▶ [EXERCISE REQUIREMENTS]:
Exclude the pictures; give every entry again exactly as written.

(Source data)
======

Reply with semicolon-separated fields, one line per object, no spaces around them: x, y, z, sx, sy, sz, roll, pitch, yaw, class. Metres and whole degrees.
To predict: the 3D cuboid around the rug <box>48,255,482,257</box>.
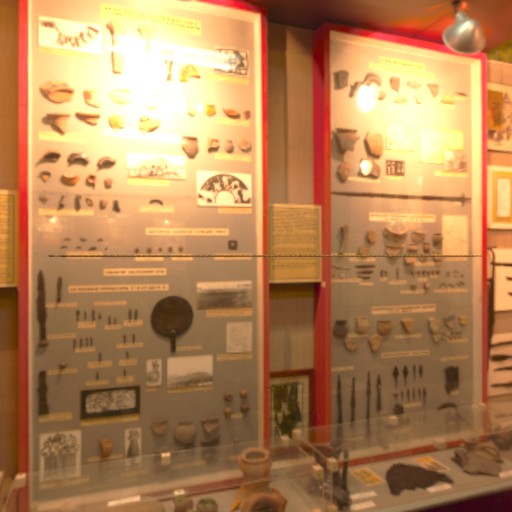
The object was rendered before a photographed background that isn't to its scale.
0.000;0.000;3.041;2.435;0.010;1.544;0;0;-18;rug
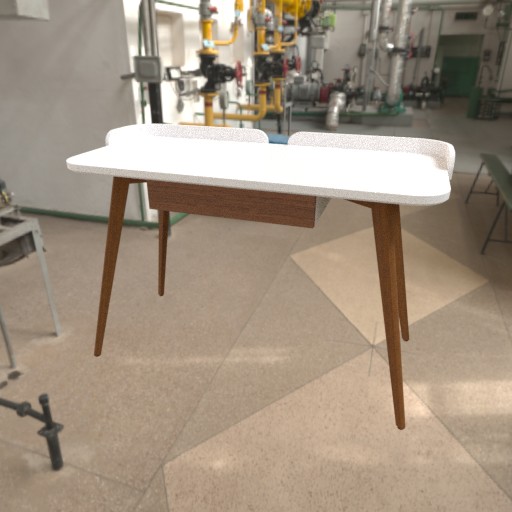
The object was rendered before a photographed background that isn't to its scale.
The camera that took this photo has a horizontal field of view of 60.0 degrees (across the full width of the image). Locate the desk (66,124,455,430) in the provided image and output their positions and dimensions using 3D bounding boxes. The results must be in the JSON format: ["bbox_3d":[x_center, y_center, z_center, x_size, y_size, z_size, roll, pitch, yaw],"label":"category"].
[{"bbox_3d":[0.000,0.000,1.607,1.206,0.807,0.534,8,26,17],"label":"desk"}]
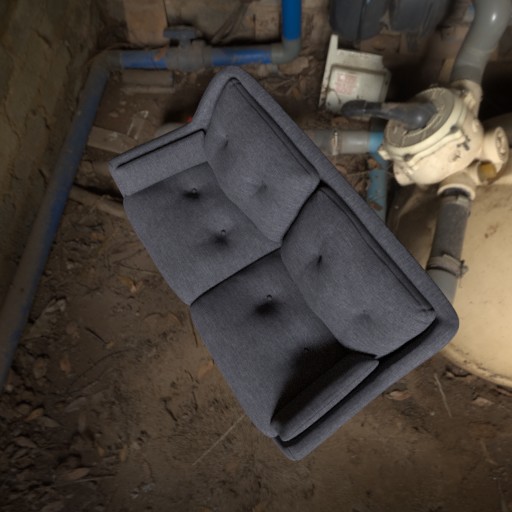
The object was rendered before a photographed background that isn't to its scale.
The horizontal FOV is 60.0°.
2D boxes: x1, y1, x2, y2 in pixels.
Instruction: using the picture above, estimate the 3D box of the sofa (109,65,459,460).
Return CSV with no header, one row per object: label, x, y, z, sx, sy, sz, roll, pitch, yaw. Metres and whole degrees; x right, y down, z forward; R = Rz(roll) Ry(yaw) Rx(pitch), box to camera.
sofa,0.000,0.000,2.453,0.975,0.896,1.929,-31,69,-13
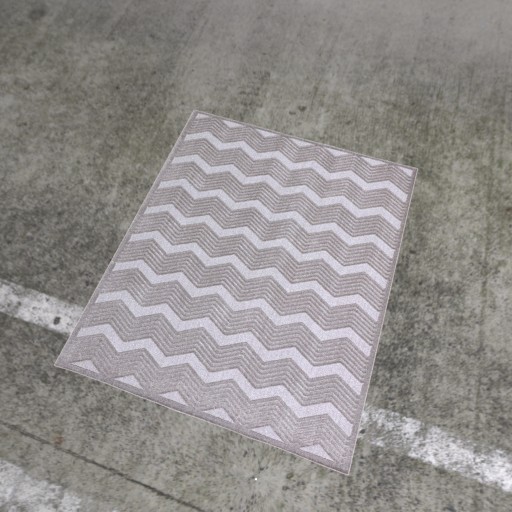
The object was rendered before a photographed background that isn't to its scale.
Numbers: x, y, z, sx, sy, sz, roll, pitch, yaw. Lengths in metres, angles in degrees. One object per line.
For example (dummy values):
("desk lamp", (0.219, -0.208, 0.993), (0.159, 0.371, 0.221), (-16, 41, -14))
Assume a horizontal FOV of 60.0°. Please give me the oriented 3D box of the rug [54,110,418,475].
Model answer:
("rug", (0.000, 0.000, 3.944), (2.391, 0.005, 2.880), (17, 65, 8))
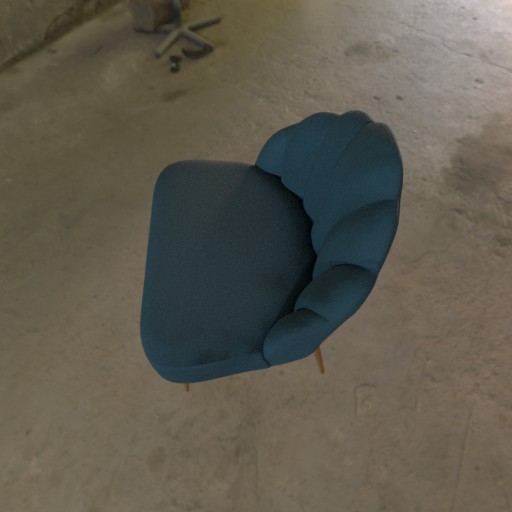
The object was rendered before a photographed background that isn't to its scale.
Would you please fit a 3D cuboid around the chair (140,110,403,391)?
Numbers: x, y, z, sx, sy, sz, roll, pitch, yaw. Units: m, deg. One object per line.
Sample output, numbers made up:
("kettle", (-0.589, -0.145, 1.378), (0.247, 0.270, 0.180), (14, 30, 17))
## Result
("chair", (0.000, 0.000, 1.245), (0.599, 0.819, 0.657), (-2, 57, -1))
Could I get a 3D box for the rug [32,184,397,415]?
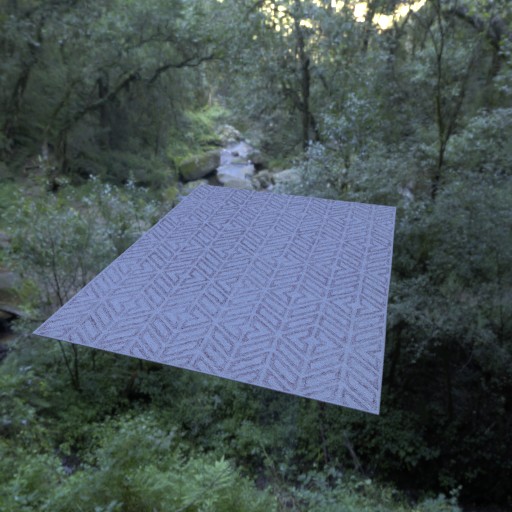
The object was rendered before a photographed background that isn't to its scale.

======

▶ [WRITTEN RESPONSE]:
Reply with semicolon-separated fields, one line per object, no spaces around them: x, y, z, sx, sy, sz, roll, pitch, yaw, class. Metres and whole degrees.
To predict: the 3D cuboid around the rug <box>48,255,482,257</box>.
The object was rendered before a photographed background that isn't to its scale.
0.000;0.000;3.041;2.435;0.010;1.544;0;0;-18;rug
The object was rendered before a photographed background that isn't to its scale.
The camera that took this photo has a horizontal field of view of 60.0 degrees (across the full width of the image). Locate the desk (66,124,455,430) in the provided image and output their positions and dimensions using 3D bounding boxes. The results must be in the JSON format: ["bbox_3d":[x_center, y_center, z_center, x_size, y_size, z_size, roll, pitch, yaw],"label":"category"].
[{"bbox_3d":[0.000,0.000,1.607,1.206,0.807,0.534,8,26,17],"label":"desk"}]
The object was rendered before a photographed background that isn't to its scale.
The horizontal FOV is 60.0°.
2D boxes: x1, y1, x2, y2 in pixels.
Instruction: using the picture above, estimate the 3D box of the sofa (109,65,459,460).
Return CSV with no header, one row per object: label, x, y, z, sx, sy, sz, roll, pitch, yaw. Metres and whole degrees; x right, y down, z forward; R = Rz(roll) Ry(yaw) Rx(pitch), box to camera.
sofa,0.000,0.000,2.453,0.975,0.896,1.929,-31,69,-13
The object was rendered before a photographed background that isn't to its scale.
Numbers: x, y, z, sx, sy, sz, roll, pitch, yaw. Lengths in metres, angles in degrees. One object per line.
For example (dummy values):
("desk lamp", (0.219, -0.208, 0.993), (0.159, 0.371, 0.221), (-16, 41, -14))
Assume a horizontal FOV of 60.0°. Please give me the oriented 3D box of the rug [54,110,418,475].
Model answer:
("rug", (0.000, 0.000, 3.944), (2.391, 0.005, 2.880), (17, 65, 8))
The object was rendered before a photographed background that isn't to its scale.
Would you please fit a 3D cuboid around the chair (140,110,403,391)?
Numbers: x, y, z, sx, sy, sz, roll, pitch, yaw. Units: m, deg. One object per line.
Sample output, numbers made up:
("kettle", (-0.589, -0.145, 1.378), (0.247, 0.270, 0.180), (14, 30, 17))
## Result
("chair", (0.000, 0.000, 1.245), (0.599, 0.819, 0.657), (-2, 57, -1))
Could I get a 3D box for the rug [32,184,397,415]?
The object was rendered before a photographed background that isn't to its scale.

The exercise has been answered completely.